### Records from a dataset
○ ○ ○
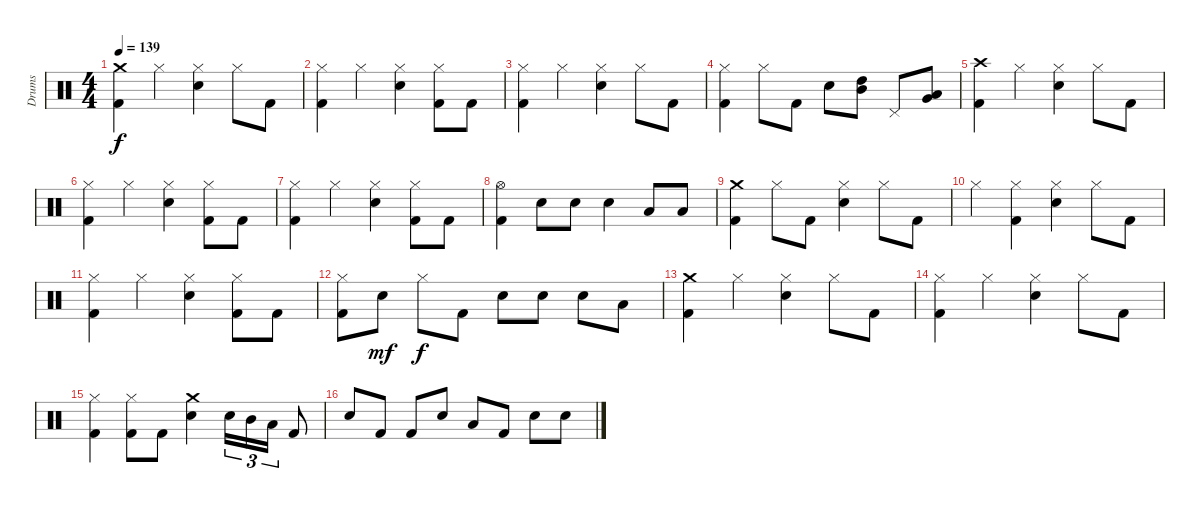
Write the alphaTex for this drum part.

\track ("Drums" "Drums") {instrument percussion}
\staff {score}
\articulation defaults
\ts (4 4)
\tempo 139
\clef neutral
\ks c
("Crash medium (hit)" "Kick (hit) 2").4{dy f} "Hi-Hat (closed)".4 ("Hi-Hat (closed)" "Snare (hit) 2").4 "Hi-Hat (closed)".8 "Kick (hit) 2".8 |
("Hi-Hat (closed)" "Kick (hit) 2").4 "Hi-Hat (closed)".4 ("Hi-Hat (closed)" "Snare (hit) 2").4 ("Hi-Hat (closed)" "Kick (hit) 2").8 "Kick (hit) 2".8 |
("Hi-Hat (closed)" "Kick (hit) 2").4 "Hi-Hat (closed)".4 ("Hi-Hat (closed)" "Snare (hit) 2").4 "Hi-Hat (closed)".8 "Kick (hit) 2".8 |
("Hi-Hat (closed)" "Kick (hit) 2").4 "Hi-Hat (closed)".8 "Kick (hit) 2".8 "Snare (hit) 2".8 ("Mid Tom (hit)" "High Tom (hit)").8 "Pedal Hi-Hat (hit)".8 ("Low Tom (hit)" "Very Low Tom (hit)").8 |
("Crash high (hit)" "Kick (hit) 2").4 "Hi-Hat (closed)".4 ("Hi-Hat (closed)" "Snare (hit) 2").4 "Hi-Hat (closed)".8 "Kick (hit) 2".8 |
("Hi-Hat (closed)" "Kick (hit) 2").4 "Hi-Hat (closed)".4 ("Hi-Hat (closed)" "Snare (hit) 2").4 ("Hi-Hat (closed)" "Kick (hit) 2").8 "Kick (hit) 2".8 |
("Hi-Hat (closed)" "Kick (hit) 2").4 "Hi-Hat (closed)".4 ("Hi-Hat (closed)" "Snare (hit) 2").4 ("Hi-Hat (closed)" "Kick (hit) 2").8 "Kick (hit) 2".8 |
("Hi-Hat (open)" "Kick (hit) 2").4 "Snare (hit) 2".8 "Snare (hit) 2".8 "Snare (hit) 2".4 "Low Tom (hit)".8 "Low Tom (hit)".8 |
("Crash medium (hit)" "Kick (hit) 2").4 "Hi-Hat (closed)".8 "Kick (hit) 2".8 ("Hi-Hat (closed)" "Snare (hit) 2").4 "Hi-Hat (closed)".8 "Kick (hit) 2".8 |
"Hi-Hat (closed)".4 ("Hi-Hat (closed)" "Kick (hit) 2").4 ("Hi-Hat (closed)" "Snare (hit) 2").4 "Hi-Hat (closed)".8 "Kick (hit) 2".8 |
("Hi-Hat (closed)" "Kick (hit) 2").4 "Hi-Hat (closed)".4 ("Hi-Hat (closed)" "Snare (hit) 2").4 ("Hi-Hat (closed)" "Kick (hit) 2").8 "Kick (hit) 2".8 |
("Hi-Hat (closed)" "Kick (hit) 2").8 "Snare (hit) 2".8{dy mf} "Hi-Hat (closed)".8{dy f} "Kick (hit) 2".8 "Snare (hit) 2".8 "Snare (hit) 2".8 "Snare (hit) 2".8 "Low Tom (hit)".8 |
("Crash medium (hit)" "Kick (hit) 2").4 "Hi-Hat (closed)".4 ("Hi-Hat (closed)" "Snare (hit) 2").4 "Hi-Hat (closed)".8 "Kick (hit) 2".8 |
("Hi-Hat (closed)" "Kick (hit) 2").4 "Hi-Hat (closed)".4 ("Hi-Hat (closed)" "Snare (hit) 2").4 "Hi-Hat (closed)".8 "Kick (hit) 2".8 |
("Hi-Hat (closed)" "Kick (hit) 2").4 ("Hi-Hat (closed)" "Kick (hit) 2").8 "Kick (hit) 2".8 ("Crash medium (hit)" "Snare (hit) 2").4 "Snare (hit) 2".16{tu (3 2)} "Mid Tom (hit)".16{tu (3 2)} "Low Tom (hit)".16{tu (3 2)} "Kick (hit) 2".8 |
"Snare (hit) 2".8 "Kick (hit) 2".8 "Kick (hit) 2".8 "Snare (hit) 2".8 "Low Tom (hit)".8 "Kick (hit) 2".8 "Snare (hit) 2".8 "Snare (hit) 2".8
○ ○ ○
### Exercise directions
Pictures aside, write out all of the records exactly.

### Expected output
Write the alphaTex for this drum part.

\track ("Drums" "Drums") {instrument percussion}
\staff {score}
\articulation defaults
\ts (4 4)
\tempo 139
\clef neutral
\ks c
("Crash medium (hit)" "Kick (hit) 2").4{dy f} "Hi-Hat (closed)".4 ("Hi-Hat (closed)" "Snare (hit) 2").4 "Hi-Hat (closed)".8 "Kick (hit) 2".8 |
("Hi-Hat (closed)" "Kick (hit) 2").4 "Hi-Hat (closed)".4 ("Hi-Hat (closed)" "Snare (hit) 2").4 ("Hi-Hat (closed)" "Kick (hit) 2").8 "Kick (hit) 2".8 |
("Hi-Hat (closed)" "Kick (hit) 2").4 "Hi-Hat (closed)".4 ("Hi-Hat (closed)" "Snare (hit) 2").4 "Hi-Hat (closed)".8 "Kick (hit) 2".8 |
("Hi-Hat (closed)" "Kick (hit) 2").4 "Hi-Hat (closed)".8 "Kick (hit) 2".8 "Snare (hit) 2".8 ("Mid Tom (hit)" "High Tom (hit)").8 "Pedal Hi-Hat (hit)".8 ("Low Tom (hit)" "Very Low Tom (hit)").8 |
("Crash high (hit)" "Kick (hit) 2").4 "Hi-Hat (closed)".4 ("Hi-Hat (closed)" "Snare (hit) 2").4 "Hi-Hat (closed)".8 "Kick (hit) 2".8 |
("Hi-Hat (closed)" "Kick (hit) 2").4 "Hi-Hat (closed)".4 ("Hi-Hat (closed)" "Snare (hit) 2").4 ("Hi-Hat (closed)" "Kick (hit) 2").8 "Kick (hit) 2".8 |
("Hi-Hat (closed)" "Kick (hit) 2").4 "Hi-Hat (closed)".4 ("Hi-Hat (closed)" "Snare (hit) 2").4 ("Hi-Hat (closed)" "Kick (hit) 2").8 "Kick (hit) 2".8 |
("Hi-Hat (open)" "Kick (hit) 2").4 "Snare (hit) 2".8 "Snare (hit) 2".8 "Snare (hit) 2".4 "Low Tom (hit)".8 "Low Tom (hit)".8 |
("Crash medium (hit)" "Kick (hit) 2").4 "Hi-Hat (closed)".8 "Kick (hit) 2".8 ("Hi-Hat (closed)" "Snare (hit) 2").4 "Hi-Hat (closed)".8 "Kick (hit) 2".8 |
"Hi-Hat (closed)".4 ("Hi-Hat (closed)" "Kick (hit) 2").4 ("Hi-Hat (closed)" "Snare (hit) 2").4 "Hi-Hat (closed)".8 "Kick (hit) 2".8 |
("Hi-Hat (closed)" "Kick (hit) 2").4 "Hi-Hat (closed)".4 ("Hi-Hat (closed)" "Snare (hit) 2").4 ("Hi-Hat (closed)" "Kick (hit) 2").8 "Kick (hit) 2".8 |
("Hi-Hat (closed)" "Kick (hit) 2").8 "Snare (hit) 2".8{dy mf} "Hi-Hat (closed)".8{dy f} "Kick (hit) 2".8 "Snare (hit) 2".8 "Snare (hit) 2".8 "Snare (hit) 2".8 "Low Tom (hit)".8 |
("Crash medium (hit)" "Kick (hit) 2").4 "Hi-Hat (closed)".4 ("Hi-Hat (closed)" "Snare (hit) 2").4 "Hi-Hat (closed)".8 "Kick (hit) 2".8 |
("Hi-Hat (closed)" "Kick (hit) 2").4 "Hi-Hat (closed)".4 ("Hi-Hat (closed)" "Snare (hit) 2").4 "Hi-Hat (closed)".8 "Kick (hit) 2".8 |
("Hi-Hat (closed)" "Kick (hit) 2").4 ("Hi-Hat (closed)" "Kick (hit) 2").8 "Kick (hit) 2".8 ("Crash medium (hit)" "Snare (hit) 2").4 "Snare (hit) 2".16{tu (3 2)} "Mid Tom (hit)".16{tu (3 2)} "Low Tom (hit)".16{tu (3 2)} "Kick (hit) 2".8 |
"Snare (hit) 2".8 "Kick (hit) 2".8 "Kick (hit) 2".8 "Snare (hit) 2".8 "Low Tom (hit)".8 "Kick (hit) 2".8 "Snare (hit) 2".8 "Snare (hit) 2".8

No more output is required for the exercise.